The Germans provided Sir Edward Goschen with a "corridor train" of first-class cars, including "saloon carriages," which are a combination of parlor and sleeping cars, for himself and his immediate entourage, and for Baron Beyens, the Belgian Minister to Berlin, and his staff, who, appropriately enough, were conducted to the frontier along with the British. Baron Beyens has contributed to the genesis of the war not the least noteworthy evidence of Germany's felonious designs on European liberties and peace.

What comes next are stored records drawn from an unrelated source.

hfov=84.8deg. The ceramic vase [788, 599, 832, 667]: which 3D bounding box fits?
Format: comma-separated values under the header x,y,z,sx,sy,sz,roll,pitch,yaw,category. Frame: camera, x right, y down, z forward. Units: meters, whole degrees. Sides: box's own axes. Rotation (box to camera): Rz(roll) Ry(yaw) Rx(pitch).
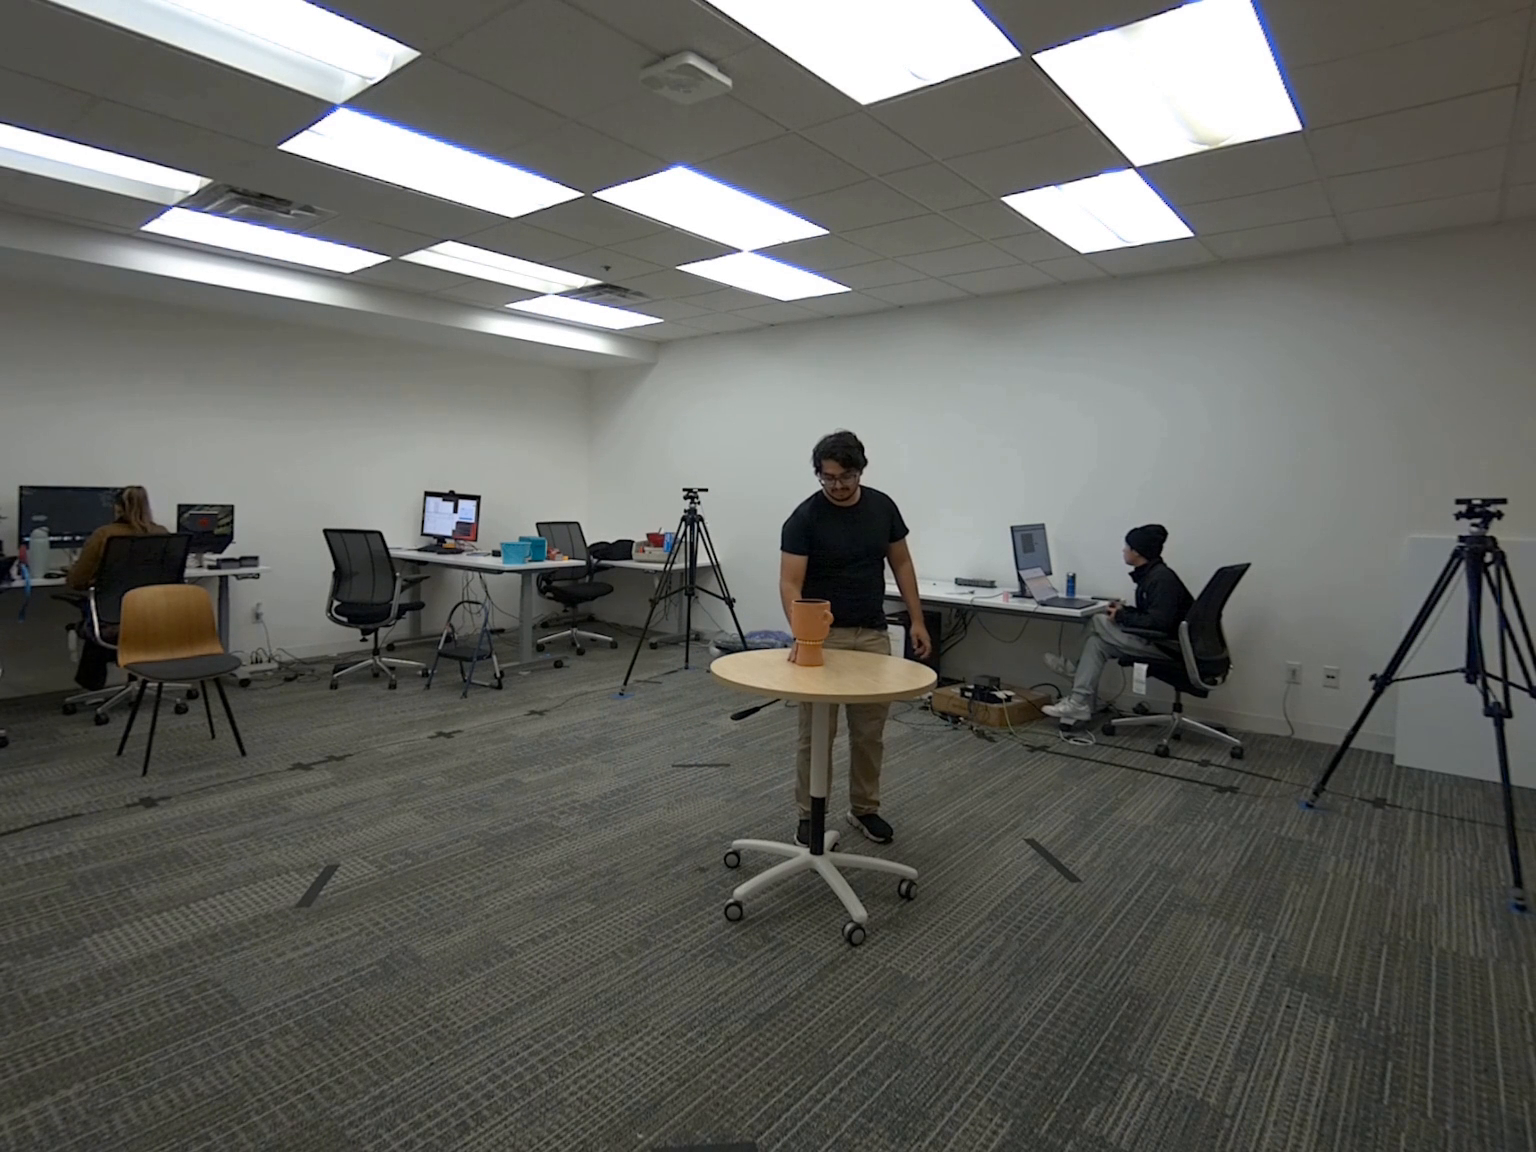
x,y,z,sx,sy,sz,roll,pitch,yaw,category
0.143,0.200,2.990,0.133,0.219,0.161,4,4,-8,ceramic vase
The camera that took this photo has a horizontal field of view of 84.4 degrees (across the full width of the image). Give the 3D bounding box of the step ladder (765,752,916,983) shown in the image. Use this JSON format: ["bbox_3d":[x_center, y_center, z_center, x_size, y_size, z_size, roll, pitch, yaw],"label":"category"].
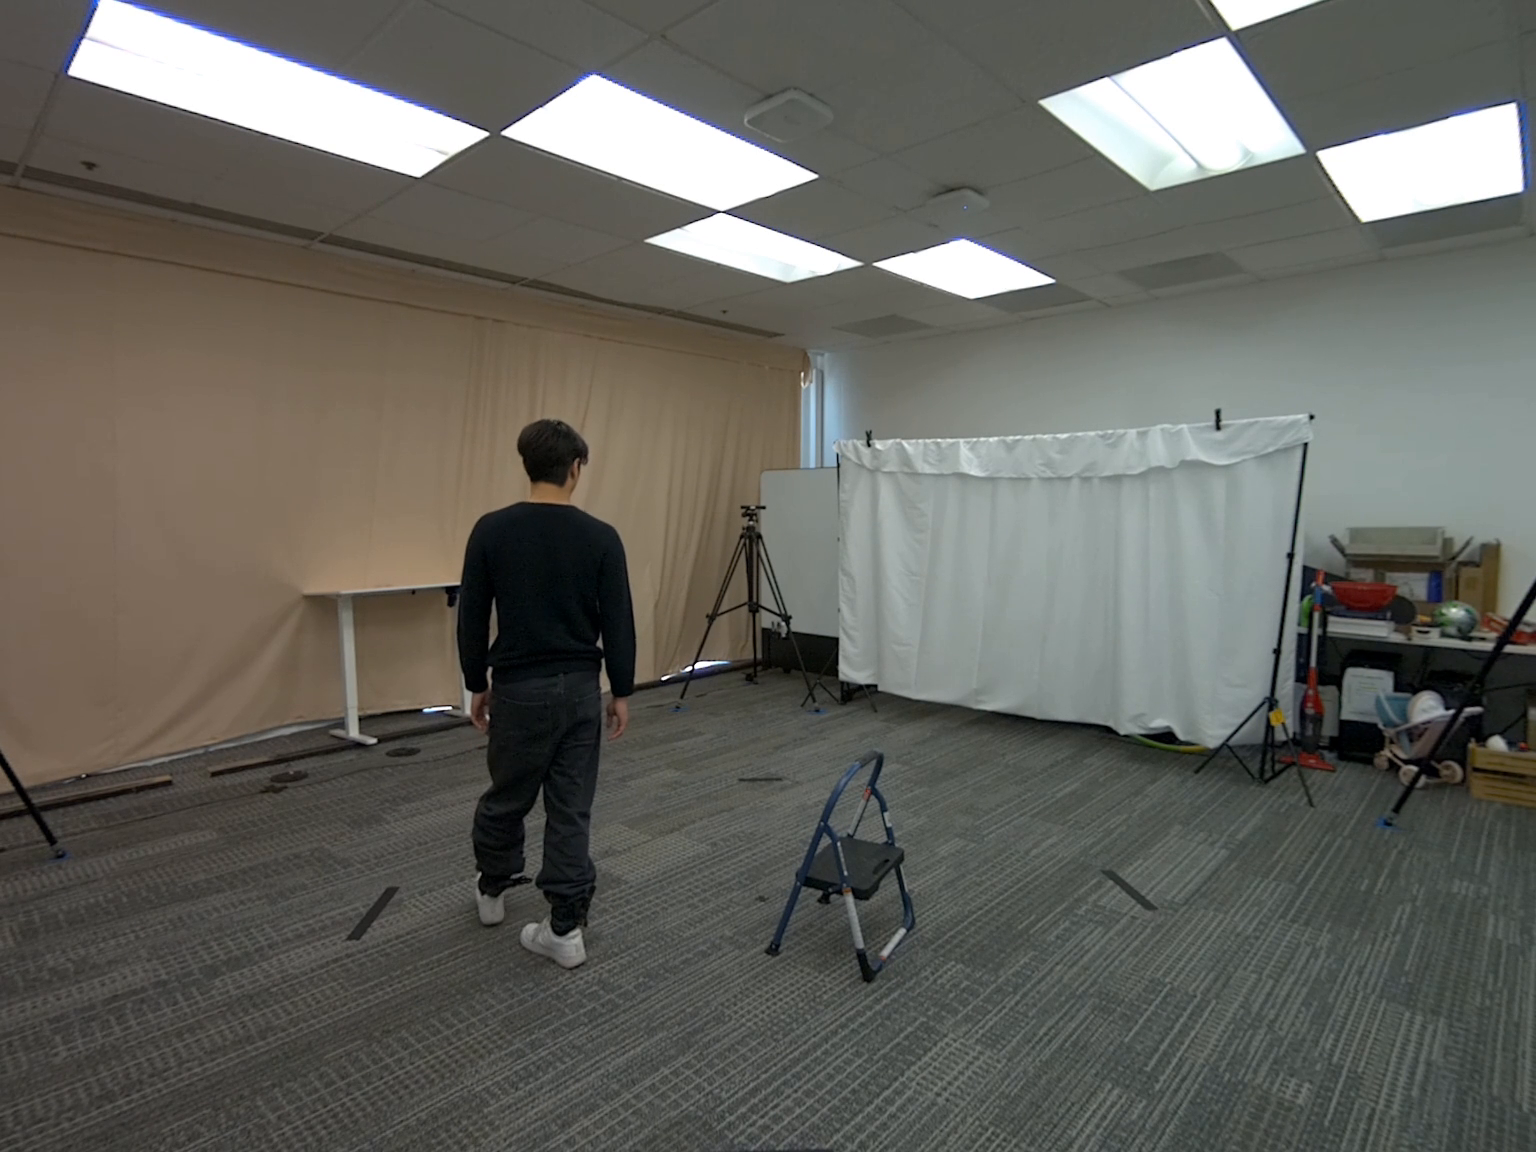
[{"bbox_3d":[0.245,0.864,2.695,0.359,0.605,0.419,2,4,30],"label":"step ladder"}]

As has been revealed by a Belgian Grey Book, the Baron was able to report to his government as early as July 26 that "the German General Staff regarded war as inevitable and near, and expected success on account of Germany's superiority in heavy guns and the unpreparedness of Russia." Baron Beyens also described his final and dramatic conversation with the German Foreign Secretary, who "announced with pain" Germany's determination to violate Belgian neutrality, and asked to be allowed to occupy Liége. The request was refused, Herr von Jagow admitting to the Minister that no other answer was possible. The Belgians had another "answer" up their sleeve, though von Jagow knew it not. It was the shambles into which the flower of the German Guard plunged at Liége a week later.

Berlin newspaper refugees on S. S. St. Petersburg. From left to right, standing: Muirhead; Wile; Jelf; Lawrence; Nevinson; Captain Deedes; Dudley Ward. Seated, Mackenzie.